Stéphane Beaulac: Un tout nouveau changement – absolument gigantesque – est le nouvel arrimage militaire du Canada avec l'Europe. C'est énorme! Le nouveau premier ministre Mark Carney est allé en Europe pour en discuter. Je pense que, dès les premiers jours de la campagne, on parlera davantage des relations tendues entre les Américains et nous dans toutes leurs ramifications que des coups de gueule quotidiens du président.   

David Grondin: La situation actuelle a au moins un effet positif: si depuis longtemps le Canada a été considéré comme un freerider, profitant de sa relation privilégiée avec les États-Unis pour assurer sa défense et sa sécurité, maintenant nous avons l’occasion de réorienter nos alliances, de diversifier nos liens, de renforcer ceux avec l'Union européenne notamment. Je pense que c'est une bonne chose. La situation plutôt désolante et malheureuse que nous vivons nous amène à vouloir moins dépendre des États-Unis. 

Durant la campagne électorale, Mark Carney va surfer sur une réaffirmation d'un nationalisme canadien, même au Québec, par rapport aux États-Unis, et cela va lui donner un certain avantage. Et peut-être à la longue Donald Trump finira-t-il par être satisfait de cette posture; c'est un homme qui n'aime pas perdre et qui essaie de récupérer toutes les situations à son avantage. Dans six mois, il pourrait se montrer content de ce qui se passe au Canada, si tout va bien pour les deux parties.  

Karine Côté-Boucher: Pour ma part, je souscris à des analyses qui commencent à paraître en sociologie et en anthropologie économique démontrant un certain retour à des politiques mercantilistes des deux côtés de la frontière.
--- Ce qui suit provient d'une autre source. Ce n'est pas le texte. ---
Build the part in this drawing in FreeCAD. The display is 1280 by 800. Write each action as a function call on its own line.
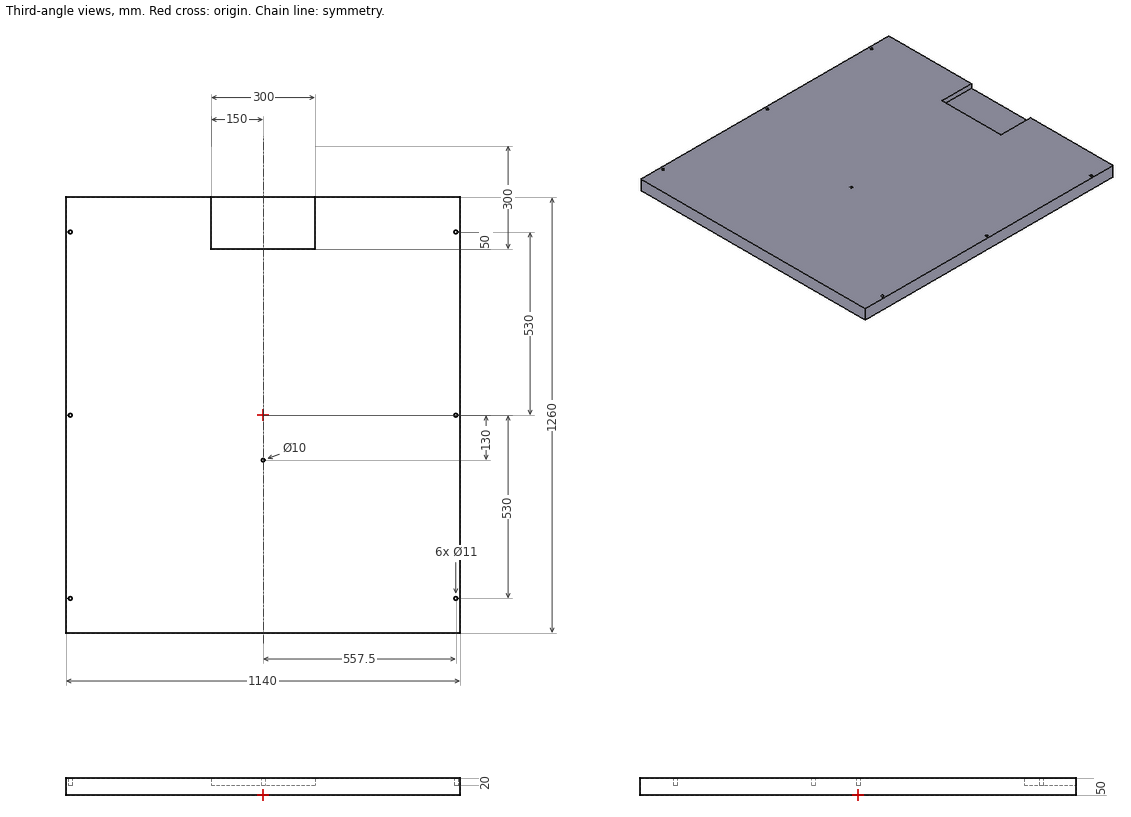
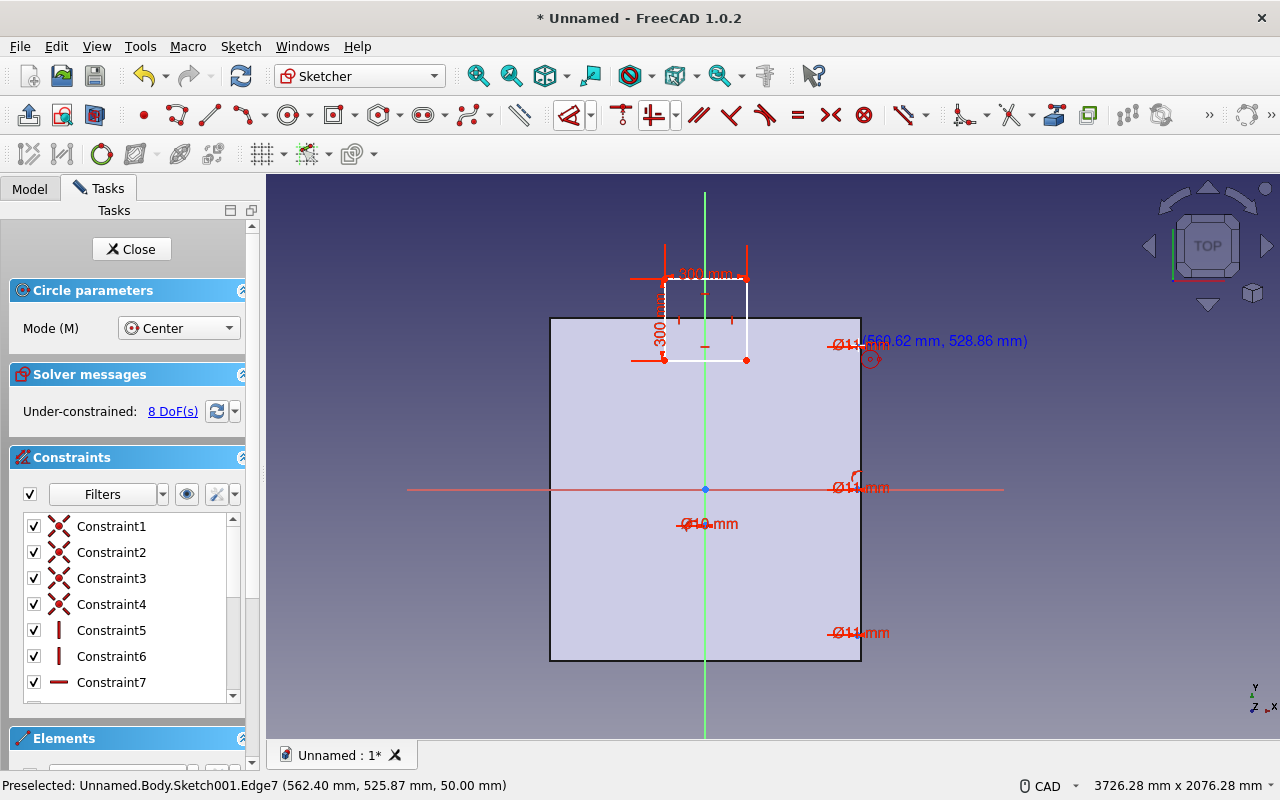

Elles pourraient influencer la manière dont on contrôle les frontières et dont on envisage le rôle d'une frontière avec notre principal partenaire économique. 

On est en train de réorganiser notre administration publique de la frontière. Dans les 25 dernières années, notre conception de la frontière a changé: là où il y avait un simple lieu de passage de marchandises, on est passés à une gestion de risques à la sécurité nationale. On sélectionne et on forme nos agents des services frontaliers de cette façon-là maintenant. 

Or, si l’on veut qu'ils redeviennent des gestionnaires de procédures et de codes économiques comme par le passé, si l’on veut non pas des policiers mais des vrais douaniers, ça va exiger un réel changement de mentalité. Ça ne sera plus simplement le contrôle du fentanyl ou de l'immigration qui sera prioritaire; ce sera celui des marchandises. 

Stéphane Beaulac: Effectivement, c'est un défi actuellement en Europe aussi, l’une des importantes conséquences du Brexit. À la frontière entre l'Irlande du Nord et la République irlandaise ou bien entre le Royaume-Uni et le continent européen en général, on doit trouver de nouvelles façons originales de contrôler les transferts de biens et de services. Ces aspects problématiques du Brexit sont le genre de chose auquel nous aussi, au Canada, nous devons nous attaquer, devant cette nouvelle réalité imposée par Donald Trump.

Pour terminer, devons-nous écarter un ultime recours à la force de la part des Américains pour faire du Canada le «51e État»?

David Grondin: Cela n’arrivera pas. Il y a une limite au pouvoir exécutif américain et à ce que peut faire le commandant en chef des forces armées, du moins d’un point de vue de l'armée. La grande majorité des soldats verront un ordre de cette nature-là comme un ordre illégitime et répondront: Invade Canada? No way!